In recent years, as profits generated by the sports industry grew, the world also witnessed the explosion of the popularity of sports betting. In this passage, I will highlight some of the findings regarding the contributing aspects of technological advancements to the spread of sports gambling and its impact on the games as a whole.
Examining the Spread
Science, Technology, and Society (STS) examines how social, cultural, and political values influence and are influenced by scientific and technological developments. In this case, I aspire to discuss how technological developments lead to the growing culture of sports gambling.
The rising popularity of sports gambling is highly connected with the growing accessibility of the internet, as live broadcasts, and the integration of new media and sporting events, facilitates the maximum promotion and increase the influence of such events.
In the past, people could only bet at designated venues during specific business hours. With the growing prevalence of electronic communication devices, people can now participate in sports betting activities using mobile phones and the internet. Now, by using electronic devices, people are able to bet on online sites and break the boundaries of geographic location and time, making it possible for people to participate in betting activities anytime and anywhere. The popularity of sports betting in general also has a lot to do with television stations broadcasting sports programs from all over the world on a daily basis, and the reports on various sports, making betting enthusiasts interested in some of the more obscure betting events. In this way the internet and technology facilitated the spread of sports gambling, as a growing number of participants of a wide range of ages began to engage in this activity, increasing the revenue of the sports gambling industry.

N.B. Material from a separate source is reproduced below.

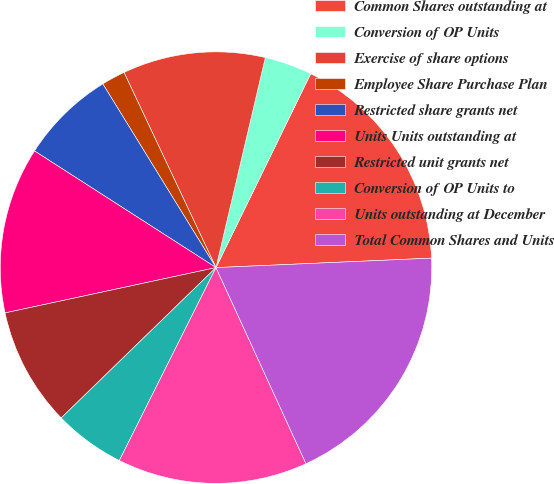Convert chart to OTSL. <chart><loc_0><loc_0><loc_500><loc_500><pie_chart><fcel>Common Shares outstanding at<fcel>Conversion of OP Units<fcel>Exercise of share options<fcel>Employee Share Purchase Plan<fcel>Restricted share grants net<fcel>Units Units outstanding at<fcel>Restricted unit grants net<fcel>Conversion of OP Units to<fcel>Units outstanding at December<fcel>Total Common Shares and Units<nl><fcel>17.07%<fcel>3.56%<fcel>10.68%<fcel>1.78%<fcel>7.12%<fcel>12.46%<fcel>8.9%<fcel>5.34%<fcel>14.24%<fcel>18.85%<nl></chart> 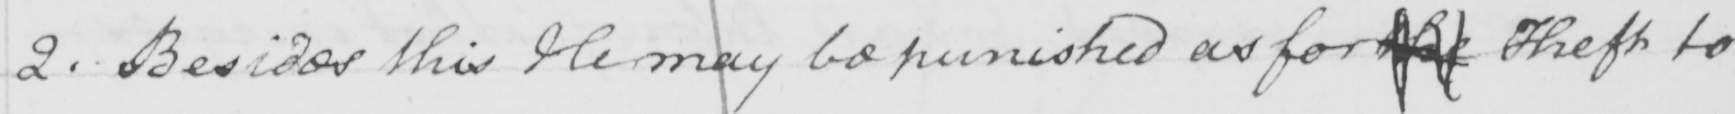Please provide the text content of this handwritten line. 2 . Besides this He may be punished as for the Theft to 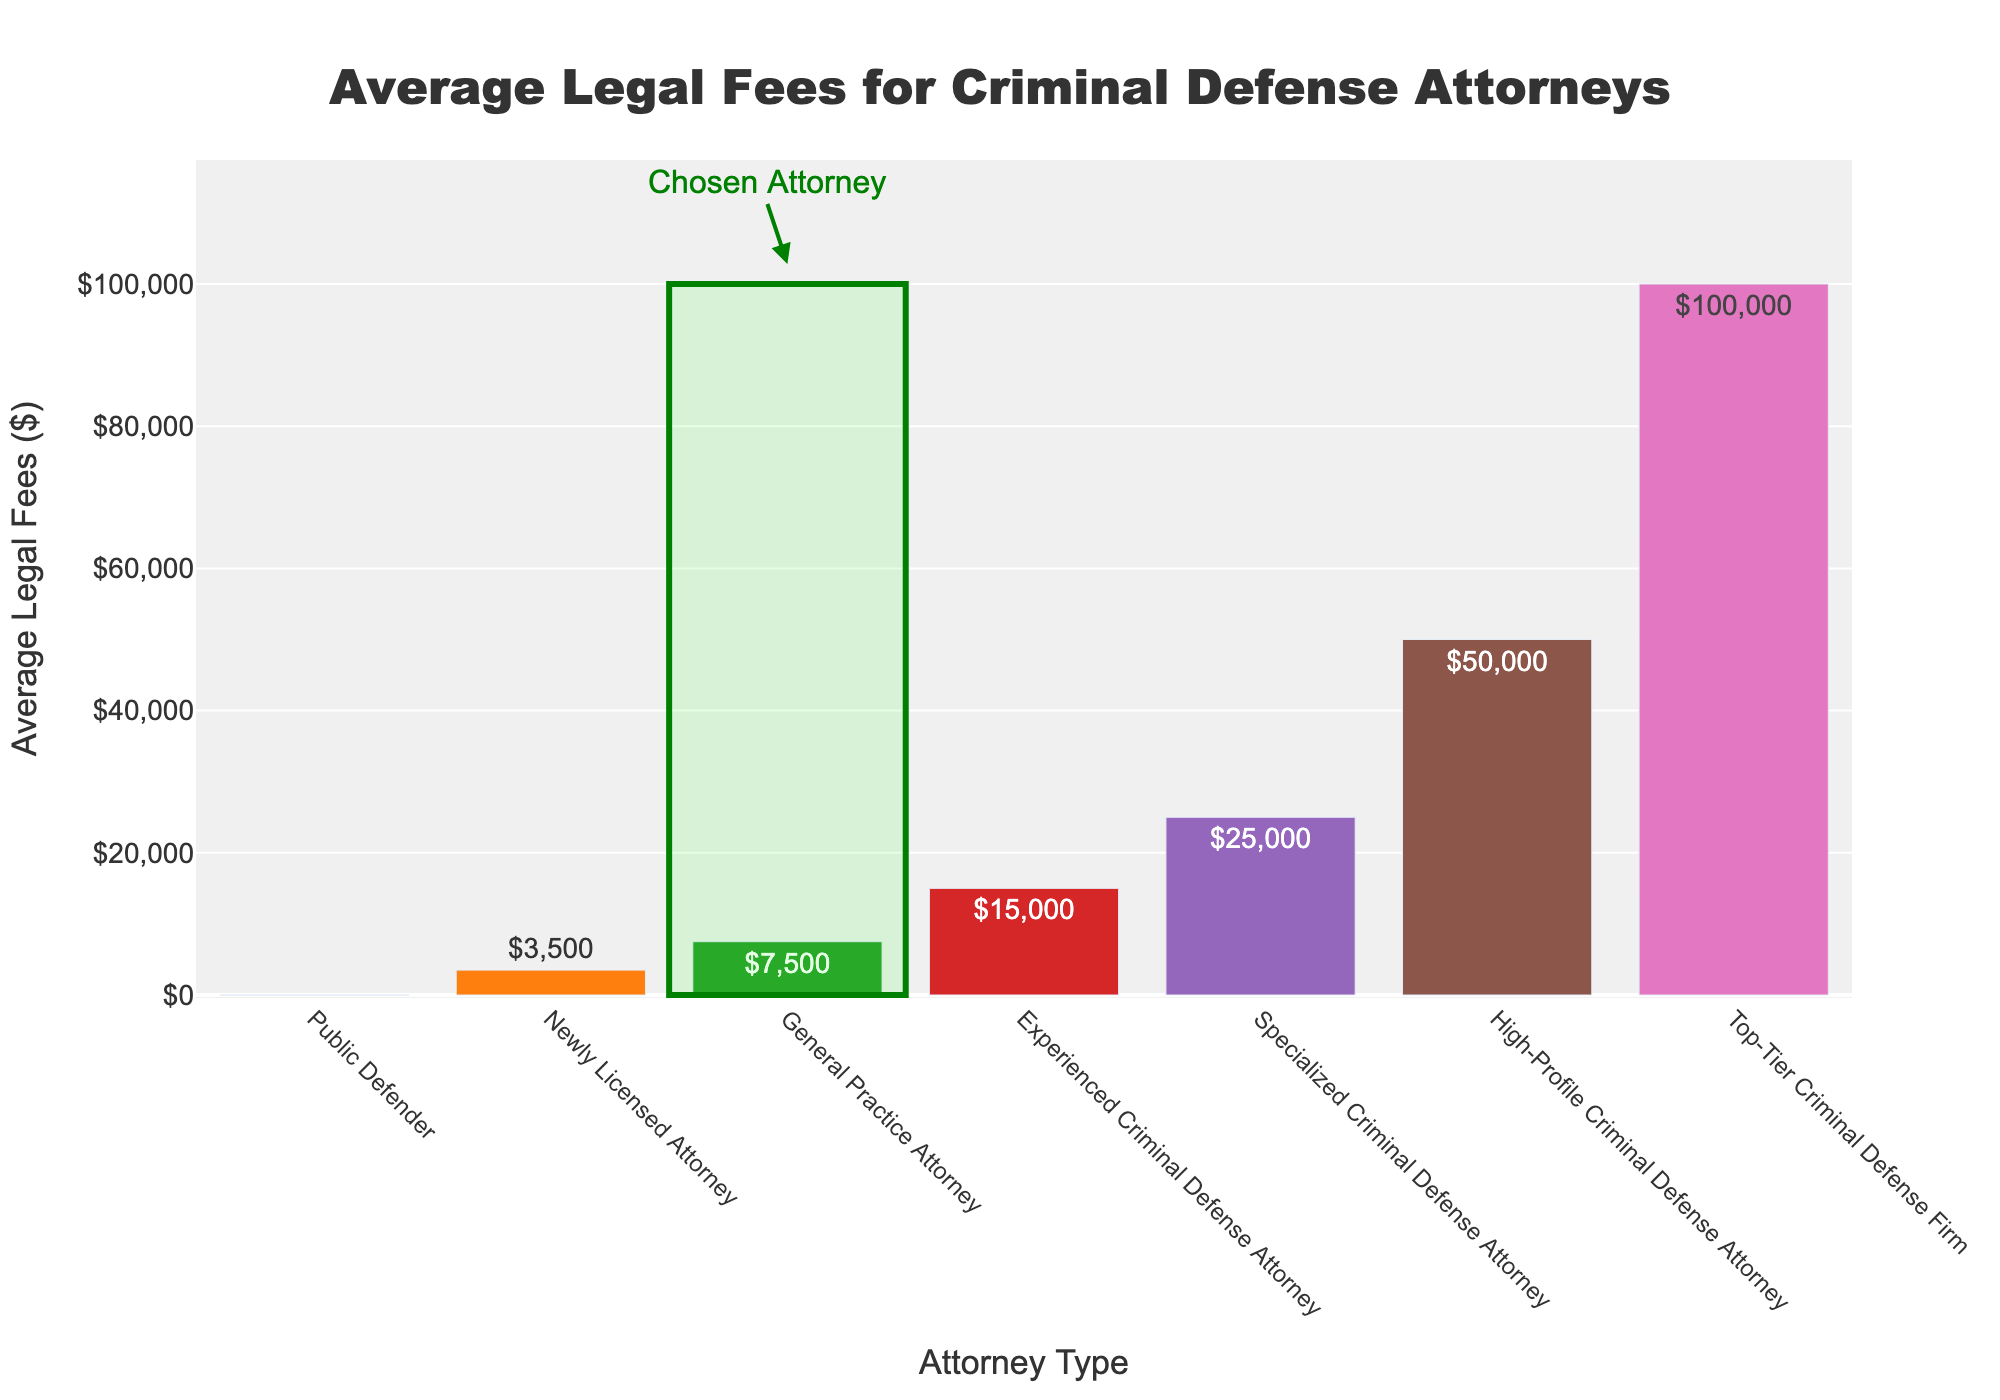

Along with the growing accessibility of these events online, collaboration in the form of commercials between sporting events and online betting sites is also a key that prompted the spread of sports betting. When turning on any live sporting event, very often one would see an abundance of ads for online betting sites during commercial breaks. For example, the popular sports betting site DraftKings has prominent television ads that appear while watching any of the big four U.S. sports. Such collaboration between sporting events and online betting sites entices fans to bet on various aspects of the games that they are watching; it is the prevalence of these commercials that contribute to the spread of sports betting.
Impact on the Game
The sports betting industry brings in a substantial amount of revenue. The global legal sports betting turnover in 1998 was £163.3 billion and the number has increased to a shocking £331.5 billion by 2004. As all audiences have feared, the lucrative market of sports betting, especially the online sports betting business, has begun to draw the attention of criminals, resulting in unregulated sites, scams, and even corruption in the games.
Nowadays, sports-betting-related scams are generally related to scam websites. These websites tend to look enticing at first sight. You might be able to cash out and get your bonus back the first time, but once you place more bets with more money, the website would have numerous excuses to stop you from withdrawing the money. Moreover, personal information that has been entered on the fake website during the process could also be stolen.
As for the corruption in the games, they tend to involve bribing athletes for insider information or even for them to manipulate game scores. The Black Sox Scandal is one of the well-known examples of a betting conspiracy between players and gamblers, in which eight members of the Chicago White Sox were accused of being bribed in the 1919 World Series to intentionally lose games in exchange for money from a gambling syndicate.